Work to complete →
The entries follow. Copy every line in which "whole" appears.

Data for this exercise →
-=-=-

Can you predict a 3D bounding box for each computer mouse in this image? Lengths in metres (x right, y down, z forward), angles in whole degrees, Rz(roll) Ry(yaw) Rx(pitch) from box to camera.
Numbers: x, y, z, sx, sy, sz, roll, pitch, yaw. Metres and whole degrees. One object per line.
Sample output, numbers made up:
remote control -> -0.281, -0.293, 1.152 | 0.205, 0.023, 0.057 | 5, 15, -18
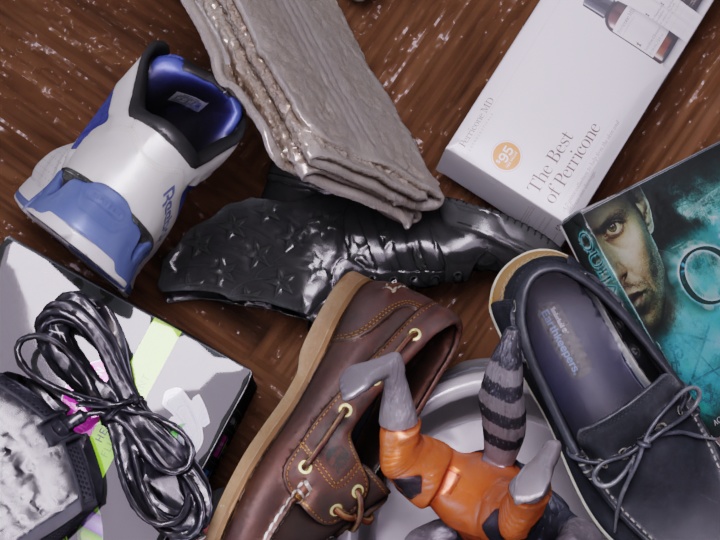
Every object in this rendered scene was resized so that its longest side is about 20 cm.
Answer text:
computer mouse -> -0.182, 0.114, 1.313 | 0.199, 0.053, 0.139 | -30, 82, -15

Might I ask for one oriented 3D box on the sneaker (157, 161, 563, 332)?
sneaker -> 0.000, 0.000, 1.448 | 0.199, 0.060, 0.105 | 21, 84, 6

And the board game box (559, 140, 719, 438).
board game box -> 0.212, -0.005, 1.419 | 0.199, 0.028, 0.136 | -26, 83, -33

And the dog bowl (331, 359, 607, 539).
dog bowl -> 0.075, 0.144, 1.426 | 0.198, 0.059, 0.202 | 0, 82, -1

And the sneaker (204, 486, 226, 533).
sneaker -> -0.072, 0.215, 1.409 | 0.073, 0.087, 0.202 | 6, 69, -39

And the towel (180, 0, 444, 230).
towel -> -0.037, -0.113, 1.398 | 0.034, 0.132, 0.201 | -38, 59, 19

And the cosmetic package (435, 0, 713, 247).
cosmetic package -> 0.127, -0.120, 1.455 | 0.082, 0.051, 0.201 | 31, 77, 4

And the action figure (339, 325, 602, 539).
action figure -> 0.090, 0.123, 1.298 | 0.199, 0.194, 0.105 | 15, 63, 26

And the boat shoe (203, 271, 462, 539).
boat shoe -> -0.016, 0.095, 1.359 | 0.070, 0.070, 0.201 | 21, 75, 21

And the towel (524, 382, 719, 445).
towel -> 0.196, 0.073, 1.413 | 0.199, 0.032, 0.192 | -29, 84, -34

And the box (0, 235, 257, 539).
box -> -0.161, 0.108, 1.398 | 0.148, 0.124, 0.201 | 28, 85, 2

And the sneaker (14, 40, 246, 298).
sneaker -> -0.110, -0.052, 1.381 | 0.080, 0.199, 0.115 | 41, 86, -8

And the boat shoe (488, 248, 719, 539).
boat shoe -> 0.131, 0.077, 1.321 | 0.074, 0.062, 0.201 | -33, 87, -5
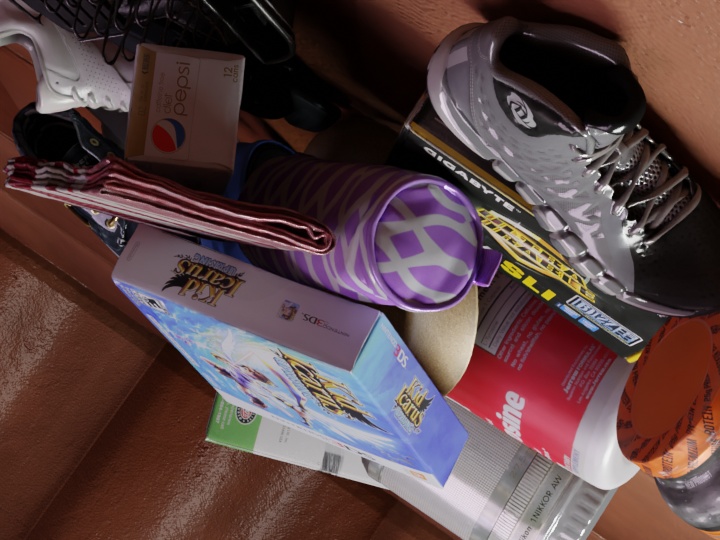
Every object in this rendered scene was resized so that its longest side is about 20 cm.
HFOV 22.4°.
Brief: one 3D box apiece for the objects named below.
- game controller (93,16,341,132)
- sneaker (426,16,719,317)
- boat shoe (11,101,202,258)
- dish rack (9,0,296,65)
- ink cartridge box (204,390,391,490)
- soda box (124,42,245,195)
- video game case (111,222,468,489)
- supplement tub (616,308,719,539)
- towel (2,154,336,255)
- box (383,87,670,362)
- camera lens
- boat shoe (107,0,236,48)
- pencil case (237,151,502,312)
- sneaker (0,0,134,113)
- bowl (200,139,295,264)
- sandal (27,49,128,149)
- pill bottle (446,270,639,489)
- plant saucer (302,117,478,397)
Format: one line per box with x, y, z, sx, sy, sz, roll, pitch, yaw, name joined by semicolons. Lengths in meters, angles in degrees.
-0.104;-0.147;1.224;0.199;0.042;0.104;29;-168;29;game controller
0.123;-0.049;0.874;0.199;0.075;0.115;38;167;-9;sneaker
-0.184;-0.055;1.356;0.200;0.071;0.091;32;170;36;boat shoe
-0.144;-0.173;1.044;0.198;0.055;0.153;-4;147;34;dish rack
-0.024;0.103;1.614;0.198;0.148;0.084;16;178;-3;ink cartridge box
-0.109;-0.084;1.099;0.063;0.069;0.200;6;175;-7;soda box
-0.041;0.058;1.156;0.180;0.046;0.200;18;161;27;video game case
0.243;0.104;0.971;0.199;0.123;0.122;30;171;-18;supplement tub
-0.118;-0.040;1.066;0.143;0.023;0.200;16;176;-27;towel
0.108;-0.029;1.073;0.199;0.050;0.160;35;171;0;box
0.111;0.142;1.484;0.199;0.161;0.160;33;169;12;camera lens
-0.158;-0.185;1.165;0.199;0.068;0.072;29;168;20;boat shoe
-0.004;-0.022;1.090;0.085;0.084;0.200;31;173;-27;pencil case
-0.193;-0.144;1.346;0.199;0.100;0.078;36;169;-7;sneaker
-0.053;-0.005;1.366;0.039;0.202;0.201;-22;132;21;bowl
-0.178;-0.136;1.421;0.207;0.079;0.059;44;171;-16;sandal
0.113;0.054;1.236;0.199;0.113;0.112;30;168;26;pill bottle
0.000;0.000;1.222;0.199;0.035;0.202;25;124;45;plant saucer
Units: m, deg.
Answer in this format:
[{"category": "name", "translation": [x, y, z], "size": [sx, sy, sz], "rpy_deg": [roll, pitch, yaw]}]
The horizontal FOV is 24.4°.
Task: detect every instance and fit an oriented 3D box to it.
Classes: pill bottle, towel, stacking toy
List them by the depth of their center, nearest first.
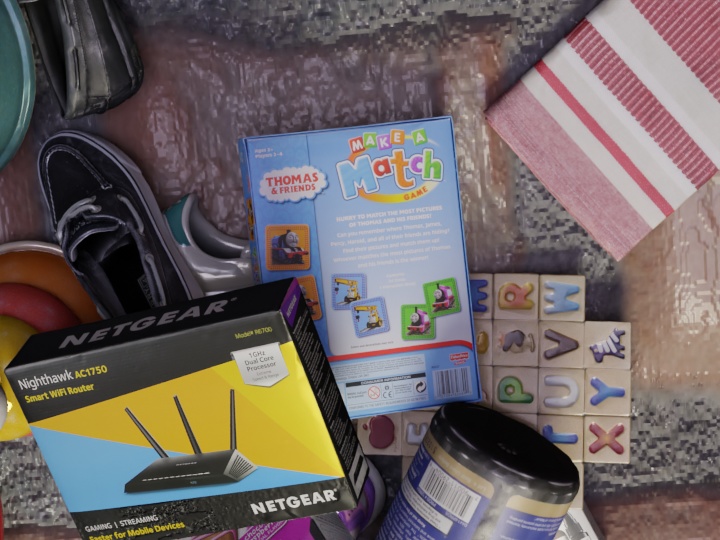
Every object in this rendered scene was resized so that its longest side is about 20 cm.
[{"category": "stacking toy", "translation": [-0.245, 0.067, 1.146], "size": [0.145, 0.200, 0.148], "rpy_deg": [1, 102, 3]}, {"category": "pill bottle", "translation": [0.062, 0.203, 1.148], "size": [0.111, 0.112, 0.201], "rpy_deg": [25, 104, -2]}, {"category": "towel", "translation": [0.205, -0.124, 1.163], "size": [0.200, 0.023, 0.144], "rpy_deg": [-42, 95, 10]}]

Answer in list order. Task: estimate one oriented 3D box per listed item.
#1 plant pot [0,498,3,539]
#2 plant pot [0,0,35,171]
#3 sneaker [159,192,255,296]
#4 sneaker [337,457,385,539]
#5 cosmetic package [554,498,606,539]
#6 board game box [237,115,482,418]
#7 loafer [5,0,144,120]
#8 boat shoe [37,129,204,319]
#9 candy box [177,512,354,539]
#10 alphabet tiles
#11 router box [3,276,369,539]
[{"category": "plant pot", "translation": [-0.380, 0.176, 1.187], "size": [0.181, 0.200, 0.202], "rpy_deg": [-22, 101, 17]}, {"category": "plant pot", "translation": [-0.348, -0.119, 1.084], "size": [0.198, 0.196, 0.202], "rpy_deg": [8, 112, 20]}, {"category": "sneaker", "translation": [-0.074, 0.026, 1.190], "size": [0.199, 0.070, 0.094], "rpy_deg": [38, 108, -2]}, {"category": "sneaker", "translation": [-0.072, 0.210, 1.224], "size": [0.200, 0.089, 0.081], "rpy_deg": [-37, 99, 12]}, {"category": "cosmetic package", "translation": [0.079, 0.220, 1.234], "size": [0.199, 0.051, 0.083], "rpy_deg": [-29, 98, 9]}, {"category": "board game box", "translation": [0.000, 0.000, 1.162], "size": [0.150, 0.037, 0.202], "rpy_deg": [-7, 94, -12]}, {"category": "loafer", "translation": [-0.216, -0.202, 1.143], "size": [0.070, 0.068, 0.202], "rpy_deg": [-30, 104, -30]}, {"category": "boat shoe", "translation": [-0.177, -0.023, 1.148], "size": [0.072, 0.068, 0.201], "rpy_deg": [-39, 66, 17]}, {"category": "candy box", "translation": [-0.098, 0.176, 1.168], "size": [0.136, 0.061, 0.200], "rpy_deg": [-44, 52, 8]}, {"category": "alphabet tiles", "translation": [0.095, 0.085, 1.197], "size": [0.198, 0.006, 0.168], "rpy_deg": [1, 90, 11]}, {"category": "router box", "translation": [-0.111, 0.097, 1.080], "size": [0.198, 0.051, 0.150], "rpy_deg": [-13, 113, 19]}]

-=-=-

Solution to the problem →
Can you predict a 3D bounding box for each computer mouse in this image? Lengths in metres (x right, y down, z forward), angles in whole degrees, Rz(roll) Ry(yaw) Rx(pitch) from box to camera.
Numbers: x, y, z, sx, sy, sz, roll, pitch, yaw. Metres and whole degrees. One object per line.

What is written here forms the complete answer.